Download, Extract, and Optionally Read or Combine CSV Files from EPA AirNow ZIP URLs
download_stack_epa_airdata.Rd
This function downloads ZIP files from provided URLs (either as a character vector or a data frame column), extracts CSV files, and optionally reads and combines them into a single tibble.
Usage
download_stack_epa_airdata(
urls,
output_dir = tempdir(),
download = TRUE,
unzip = TRUE,
read_csvs = TRUE,
stack = TRUE,
clean_names = TRUE
)
Arguments
- urls
A character vector of URLs or a data frame containing a column named
urls
.- output_dir
A directory path where downloaded and extracted files will be stored. Defaults to a temporary directory.
- download
Logical. Whether to download the ZIP files. Defaults to TRUE.
- unzip
Logical. Whether to extract the ZIP files.
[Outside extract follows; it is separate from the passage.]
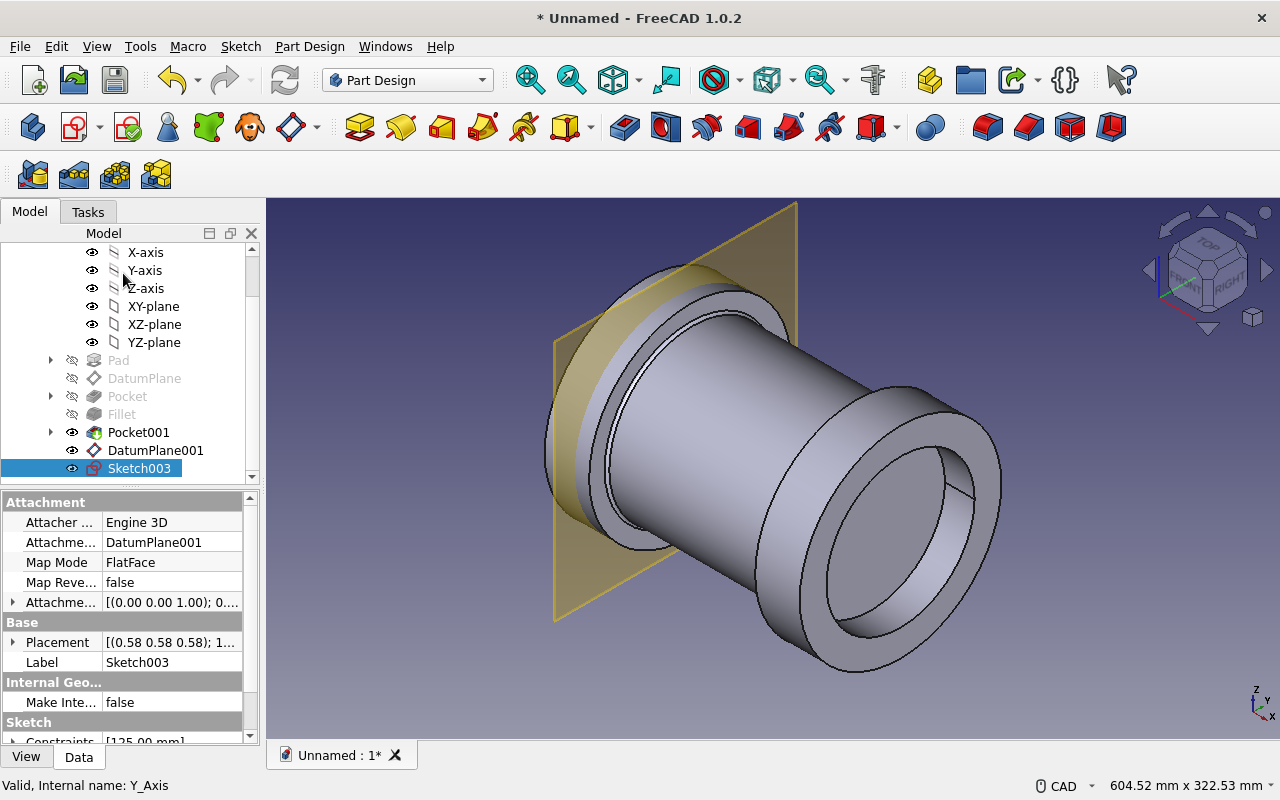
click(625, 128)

Requires
download = TRUE
or existing ZIPs. Defaults to TRUE.- read_csvs
Logical. Whether to read extracted CSVs into R. Requires
unzip = TRUE
or existing extracted files. Defaults to TRUE.- stack
Logical. Whether to combine extracted CSVs into a single tibble. Requires
read_csvs = TRUE
. Defaults to TRUE.- clean_names
Logical. Whether to clean column names in the final tibble (using janitor::clean_names()). Defaults to TRUE.
Value
If read_csvs = TRUE
, returns either a tibble combining all extracted CSV files (stack = TRUE
)
or a list of tibbles (stack = FALSE
). If read_csvs = FALSE
, returns a list of file paths to extracted CSVs.
Skips URLs that fail to download or extract.
Examples
if (FALSE) {
df <- tidypollute::scrape_epa_airdata_zip_links()
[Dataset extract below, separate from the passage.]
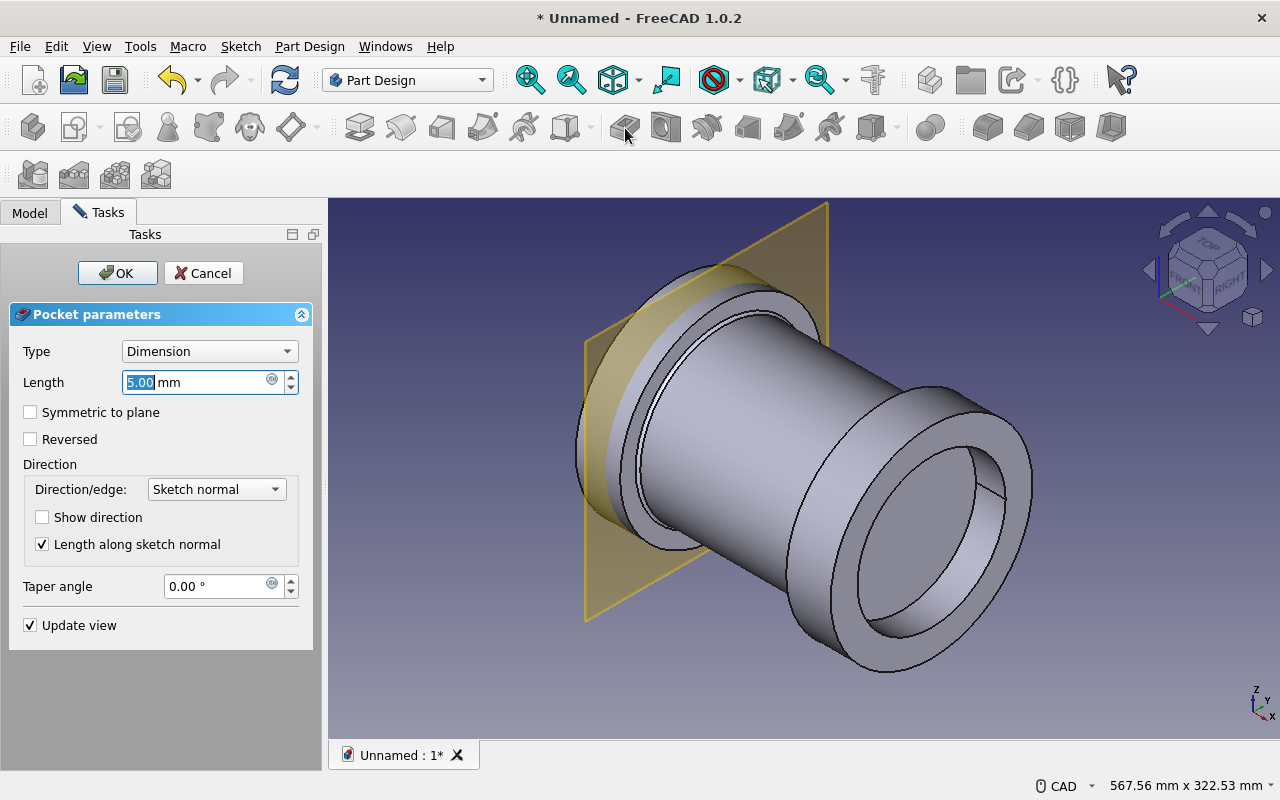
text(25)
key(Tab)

# Filter dataset and pass a column of URLs
filtered_df <- df %>% filter(year == 1991, analyte == "WIND")
# Use function with a data frame
download_stack_epa_airdata(filtered_df, download = TRUE, stack = TRUE, output_dir = "data/")
# Use function with a character vector
download_stack_epa_airdata(filtered_df$urls, download = TRUE, stack = TRUE, output_dir = "data/")
}